### ASSIGNMENT
Only lines with the string "name" are wanted. Pull them out of the data.
------------------------------------------------------------------------
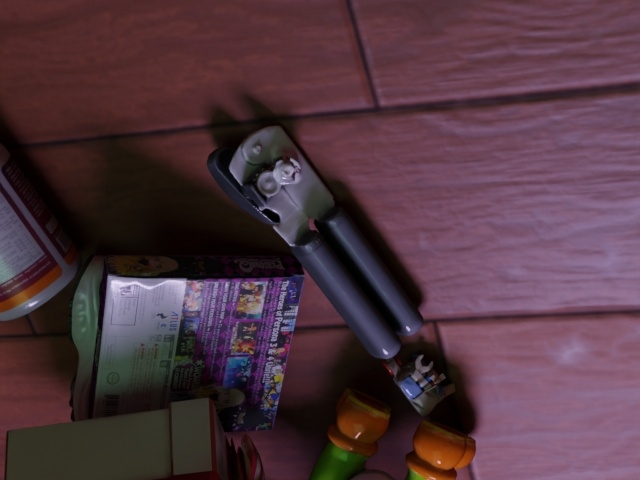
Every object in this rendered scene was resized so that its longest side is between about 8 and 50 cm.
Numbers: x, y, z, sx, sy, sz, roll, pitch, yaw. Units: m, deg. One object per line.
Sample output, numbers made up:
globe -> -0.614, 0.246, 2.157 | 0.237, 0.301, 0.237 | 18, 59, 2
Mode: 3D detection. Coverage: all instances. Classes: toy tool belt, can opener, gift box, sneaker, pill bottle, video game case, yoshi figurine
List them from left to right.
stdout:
pill bottle -> -0.365, -0.031, 1.544 | 0.121, 0.121, 0.221 | -21, 113, 30
sneaker -> -0.222, 0.144, 1.624 | 0.108, 0.100, 0.271 | 10, 125, 8
gift box -> -0.181, 0.329, 1.538 | 0.258, 0.255, 0.276 | -8, 149, 3
video game case -> -0.138, 0.116, 1.548 | 0.210, 0.042, 0.232 | 0, 128, -15
can opener -> 0.000, 0.000, 1.472 | 0.280, 0.074, 0.093 | 51, 159, -14
yoshi figurine -> 0.036, 0.356, 1.569 | 0.203, 0.362, 0.203 | 22, 177, -37
toy tool belt -> 0.107, 0.145, 1.536 | 0.051, 0.052, 0.083 | -37, 112, -4
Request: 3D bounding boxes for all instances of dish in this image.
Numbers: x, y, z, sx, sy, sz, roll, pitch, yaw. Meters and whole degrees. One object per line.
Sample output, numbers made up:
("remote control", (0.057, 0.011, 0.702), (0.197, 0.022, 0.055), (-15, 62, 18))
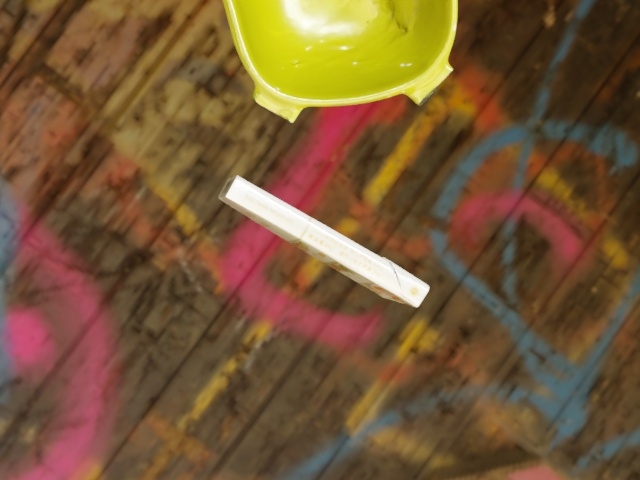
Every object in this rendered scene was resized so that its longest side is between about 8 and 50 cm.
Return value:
("dish", (0.012, -0.244, 1.090), (0.108, 0.221, 0.262), (-97, 178, -76))

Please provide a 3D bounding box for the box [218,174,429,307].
("box", (0.000, 0.001, 1.267), (0.220, 0.032, 0.122), (31, -4, -8))
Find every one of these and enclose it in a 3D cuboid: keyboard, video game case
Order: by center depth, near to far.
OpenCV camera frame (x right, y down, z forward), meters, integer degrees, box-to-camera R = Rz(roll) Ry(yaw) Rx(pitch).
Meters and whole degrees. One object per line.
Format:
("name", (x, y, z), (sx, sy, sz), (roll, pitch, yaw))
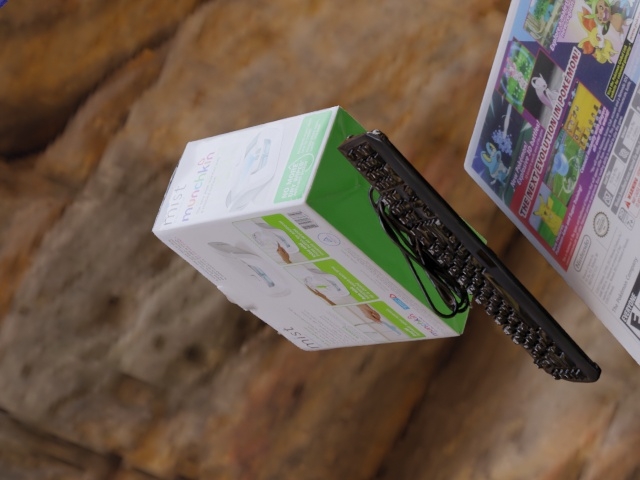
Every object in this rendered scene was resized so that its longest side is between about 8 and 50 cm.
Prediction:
("video game case", (0.156, -0.058, 0.837), (0.023, 0.183, 0.201), (-18, -38, -27))
("keyboard", (0.075, 0.018, 0.907), (0.038, 0.192, 0.100), (-43, 6, -8))

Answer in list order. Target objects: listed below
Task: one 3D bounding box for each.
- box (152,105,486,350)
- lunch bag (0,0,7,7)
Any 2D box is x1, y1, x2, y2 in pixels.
("box", (0.000, 0.000, 1.660), (0.231, 0.262, 0.127), (-10, 51, 44))
("lunch bag", (-0.303, -0.280, 1.172), (0.221, 0.293, 0.138), (-52, 2, -21))
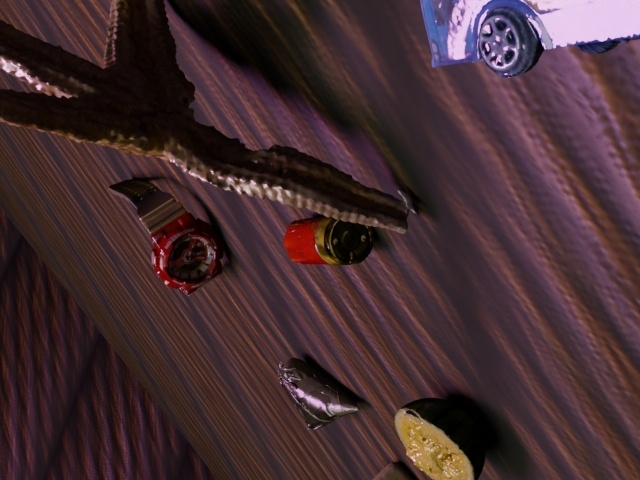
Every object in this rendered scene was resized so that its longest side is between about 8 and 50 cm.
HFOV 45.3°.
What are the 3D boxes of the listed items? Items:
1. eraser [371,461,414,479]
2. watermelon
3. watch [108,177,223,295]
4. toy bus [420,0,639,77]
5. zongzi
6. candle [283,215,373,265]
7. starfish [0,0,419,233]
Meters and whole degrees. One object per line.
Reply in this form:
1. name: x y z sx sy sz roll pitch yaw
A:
1. eraser: 0.129 0.390 1.040 0.172 0.058 0.117 47 156 15
2. watermelon: 0.128 0.202 0.787 0.105 0.062 0.105 33 143 29
3. watch: -0.237 -0.012 1.159 0.268 0.102 0.164 23 144 62
4. toy bus: 0.139 -0.126 0.325 0.236 0.079 0.094 11 116 57
5. zongzi: -0.004 0.197 1.044 0.109 0.055 0.119 54 145 4
6. candle: 0.000 0.000 0.769 0.052 0.052 0.131 60 157 -13
7. starfish: -0.164 -0.144 0.648 0.132 0.384 0.398 -53 48 33
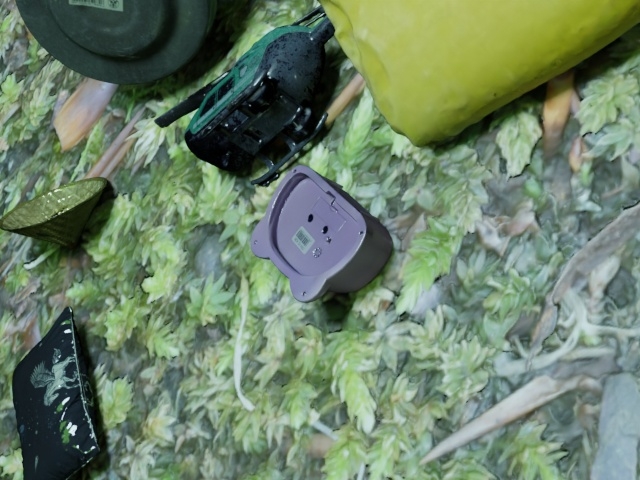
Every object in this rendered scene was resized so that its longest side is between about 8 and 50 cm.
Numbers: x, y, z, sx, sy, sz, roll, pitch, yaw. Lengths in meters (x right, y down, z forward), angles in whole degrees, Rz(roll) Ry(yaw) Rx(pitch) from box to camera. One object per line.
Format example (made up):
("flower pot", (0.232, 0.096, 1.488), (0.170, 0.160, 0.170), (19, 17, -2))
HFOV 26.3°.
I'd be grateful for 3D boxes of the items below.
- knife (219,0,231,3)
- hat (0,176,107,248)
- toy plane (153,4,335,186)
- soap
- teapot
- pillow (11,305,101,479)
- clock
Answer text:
("knife", (-0.025, -0.429, 1.649), (0.061, 0.027, 0.343), (40, 102, 45))
("hat", (-0.321, -0.018, 1.703), (0.146, 0.067, 0.146), (-18, 19, 6))
("toy plane", (-0.037, -0.193, 1.493), (0.382, 0.106, 0.155), (-41, 34, 28))
("soap", (0.178, -0.300, 1.272), (0.427, 0.115, 0.306), (-35, 70, 37))
("teapot", (-0.211, -0.372, 1.641), (0.321, 0.239, 0.239), (-56, 14, 40))
("pillow", (-0.310, 0.194, 1.585), (0.141, 0.055, 0.208), (-46, 43, 28))
("clock", (0.000, 0.000, 1.386), (0.110, 0.050, 0.152), (-54, 43, 8))
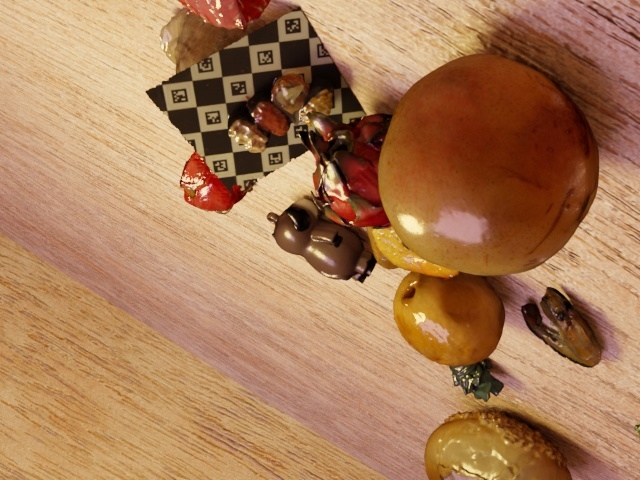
------------------------------------------------------------------------
### OUTPUT OF THE TASK
("name", (x, y, z), (sx, sy, sz), (roll, pitch, yaw))
1. name: x y z sx sy sz roll pitch yaw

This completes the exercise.